_Exercise objective_. Please find the lines in the following records that hold "listed", and copy them.
[Start of Attachment]
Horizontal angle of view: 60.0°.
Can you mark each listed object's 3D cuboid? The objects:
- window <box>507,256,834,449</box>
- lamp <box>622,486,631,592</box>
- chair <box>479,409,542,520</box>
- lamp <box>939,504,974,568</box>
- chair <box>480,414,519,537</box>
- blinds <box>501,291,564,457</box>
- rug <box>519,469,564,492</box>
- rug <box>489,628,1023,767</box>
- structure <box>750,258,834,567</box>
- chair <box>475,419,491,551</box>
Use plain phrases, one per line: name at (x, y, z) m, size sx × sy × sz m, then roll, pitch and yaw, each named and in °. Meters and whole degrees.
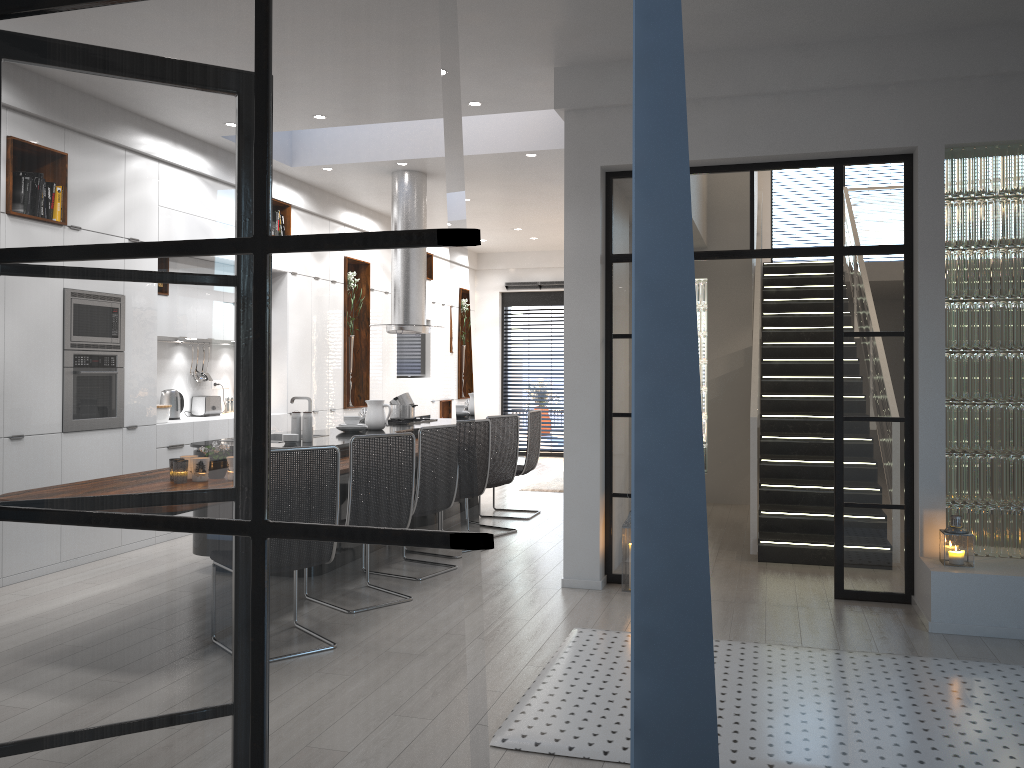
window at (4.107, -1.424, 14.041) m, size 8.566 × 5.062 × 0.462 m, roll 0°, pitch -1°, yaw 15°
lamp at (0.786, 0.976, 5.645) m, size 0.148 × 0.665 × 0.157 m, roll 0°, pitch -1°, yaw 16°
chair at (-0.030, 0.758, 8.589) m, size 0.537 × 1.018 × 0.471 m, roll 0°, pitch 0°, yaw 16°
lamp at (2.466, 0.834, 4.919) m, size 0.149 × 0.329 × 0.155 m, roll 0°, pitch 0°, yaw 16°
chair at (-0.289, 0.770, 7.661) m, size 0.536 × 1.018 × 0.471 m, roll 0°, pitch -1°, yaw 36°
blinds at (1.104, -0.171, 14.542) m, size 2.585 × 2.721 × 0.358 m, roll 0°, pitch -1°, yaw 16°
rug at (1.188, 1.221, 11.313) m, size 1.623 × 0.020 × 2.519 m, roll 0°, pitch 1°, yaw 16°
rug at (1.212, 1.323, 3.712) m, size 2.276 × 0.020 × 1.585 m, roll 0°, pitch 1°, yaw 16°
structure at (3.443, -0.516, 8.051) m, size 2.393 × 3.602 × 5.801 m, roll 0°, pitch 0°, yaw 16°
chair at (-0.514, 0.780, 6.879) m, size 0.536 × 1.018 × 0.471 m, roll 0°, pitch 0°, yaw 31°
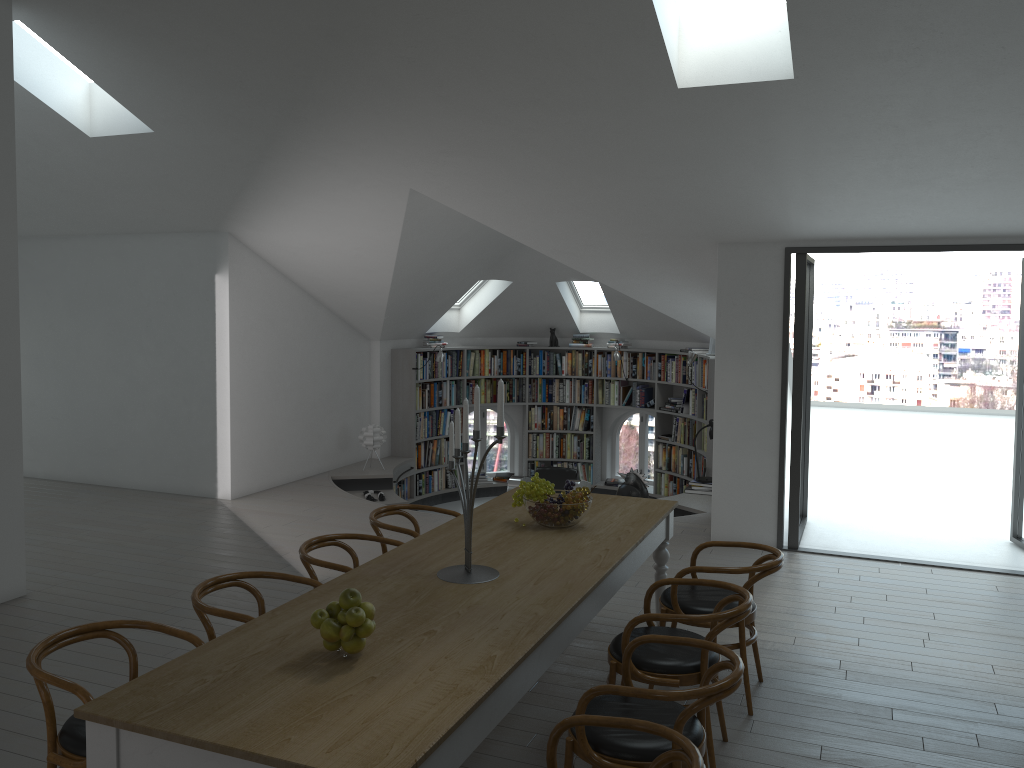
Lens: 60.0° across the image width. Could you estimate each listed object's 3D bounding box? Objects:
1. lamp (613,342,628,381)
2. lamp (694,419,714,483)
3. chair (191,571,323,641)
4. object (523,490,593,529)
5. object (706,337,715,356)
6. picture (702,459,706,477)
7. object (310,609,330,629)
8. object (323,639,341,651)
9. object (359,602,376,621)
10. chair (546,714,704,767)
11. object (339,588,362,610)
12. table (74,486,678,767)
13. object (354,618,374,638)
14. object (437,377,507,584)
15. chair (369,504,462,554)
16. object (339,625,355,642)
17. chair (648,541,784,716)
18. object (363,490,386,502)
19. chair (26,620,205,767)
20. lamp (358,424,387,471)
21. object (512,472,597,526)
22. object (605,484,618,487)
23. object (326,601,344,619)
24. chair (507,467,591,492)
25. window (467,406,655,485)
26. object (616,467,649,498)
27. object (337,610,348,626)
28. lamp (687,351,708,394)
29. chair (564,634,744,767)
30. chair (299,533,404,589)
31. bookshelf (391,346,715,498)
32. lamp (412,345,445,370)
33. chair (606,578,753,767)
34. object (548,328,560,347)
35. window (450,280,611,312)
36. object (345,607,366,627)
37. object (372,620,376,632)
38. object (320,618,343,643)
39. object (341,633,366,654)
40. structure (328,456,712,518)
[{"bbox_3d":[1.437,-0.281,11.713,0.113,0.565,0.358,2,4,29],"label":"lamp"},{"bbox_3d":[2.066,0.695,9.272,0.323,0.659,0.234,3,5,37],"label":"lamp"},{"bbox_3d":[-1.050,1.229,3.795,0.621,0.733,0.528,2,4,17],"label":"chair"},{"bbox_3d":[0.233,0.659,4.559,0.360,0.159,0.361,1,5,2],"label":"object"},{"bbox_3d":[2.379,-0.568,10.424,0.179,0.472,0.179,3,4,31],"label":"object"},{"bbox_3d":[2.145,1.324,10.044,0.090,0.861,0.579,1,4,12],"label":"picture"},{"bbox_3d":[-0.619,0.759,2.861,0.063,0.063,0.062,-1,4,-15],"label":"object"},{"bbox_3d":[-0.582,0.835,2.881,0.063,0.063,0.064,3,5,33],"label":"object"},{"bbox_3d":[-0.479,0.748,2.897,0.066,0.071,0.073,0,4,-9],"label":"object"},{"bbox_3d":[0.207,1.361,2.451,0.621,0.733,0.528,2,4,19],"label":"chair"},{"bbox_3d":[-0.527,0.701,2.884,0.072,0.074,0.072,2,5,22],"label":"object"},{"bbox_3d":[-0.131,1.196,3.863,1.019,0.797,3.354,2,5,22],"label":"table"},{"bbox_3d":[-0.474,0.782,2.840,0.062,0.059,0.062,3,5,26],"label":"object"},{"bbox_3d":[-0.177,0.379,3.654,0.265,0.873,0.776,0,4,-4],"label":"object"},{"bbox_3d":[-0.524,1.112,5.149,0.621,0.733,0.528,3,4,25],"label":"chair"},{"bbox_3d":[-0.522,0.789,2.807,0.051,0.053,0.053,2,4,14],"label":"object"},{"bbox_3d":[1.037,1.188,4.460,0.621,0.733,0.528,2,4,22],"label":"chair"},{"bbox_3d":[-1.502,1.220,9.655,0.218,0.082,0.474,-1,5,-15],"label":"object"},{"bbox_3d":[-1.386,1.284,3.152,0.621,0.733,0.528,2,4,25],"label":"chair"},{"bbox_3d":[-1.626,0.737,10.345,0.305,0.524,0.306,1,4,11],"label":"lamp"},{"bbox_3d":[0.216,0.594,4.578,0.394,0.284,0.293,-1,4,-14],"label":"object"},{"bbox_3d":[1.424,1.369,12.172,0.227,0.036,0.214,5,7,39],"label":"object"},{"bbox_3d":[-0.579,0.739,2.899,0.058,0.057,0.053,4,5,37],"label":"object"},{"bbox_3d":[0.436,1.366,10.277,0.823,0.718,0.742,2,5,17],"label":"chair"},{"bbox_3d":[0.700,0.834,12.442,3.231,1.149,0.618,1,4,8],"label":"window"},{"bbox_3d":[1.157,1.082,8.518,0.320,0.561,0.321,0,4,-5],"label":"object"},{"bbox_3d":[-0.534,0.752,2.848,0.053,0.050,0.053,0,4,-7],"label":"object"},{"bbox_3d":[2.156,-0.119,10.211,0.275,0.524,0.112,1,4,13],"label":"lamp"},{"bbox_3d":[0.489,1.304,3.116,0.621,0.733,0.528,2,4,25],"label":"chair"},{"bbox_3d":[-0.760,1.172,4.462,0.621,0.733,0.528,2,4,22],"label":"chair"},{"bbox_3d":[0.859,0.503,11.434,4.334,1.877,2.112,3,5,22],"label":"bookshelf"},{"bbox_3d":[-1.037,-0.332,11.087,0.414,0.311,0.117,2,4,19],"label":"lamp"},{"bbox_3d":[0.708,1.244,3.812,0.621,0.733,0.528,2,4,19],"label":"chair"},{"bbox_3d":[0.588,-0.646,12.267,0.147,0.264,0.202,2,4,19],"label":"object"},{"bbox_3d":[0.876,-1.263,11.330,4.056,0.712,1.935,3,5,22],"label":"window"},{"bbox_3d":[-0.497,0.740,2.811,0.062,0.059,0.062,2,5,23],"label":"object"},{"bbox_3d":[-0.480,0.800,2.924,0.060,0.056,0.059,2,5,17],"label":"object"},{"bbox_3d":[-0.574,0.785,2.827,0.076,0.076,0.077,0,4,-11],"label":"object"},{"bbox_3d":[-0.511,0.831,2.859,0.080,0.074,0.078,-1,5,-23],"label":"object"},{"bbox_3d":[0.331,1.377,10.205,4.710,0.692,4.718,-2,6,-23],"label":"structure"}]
[End of Attachment]
_Solution to this task_.
Can you mark each listed object's 3D cuboid? The objects:
Lens: 60.0° across the image width. Could you estimate each listed object's 3D bounding box? Objects:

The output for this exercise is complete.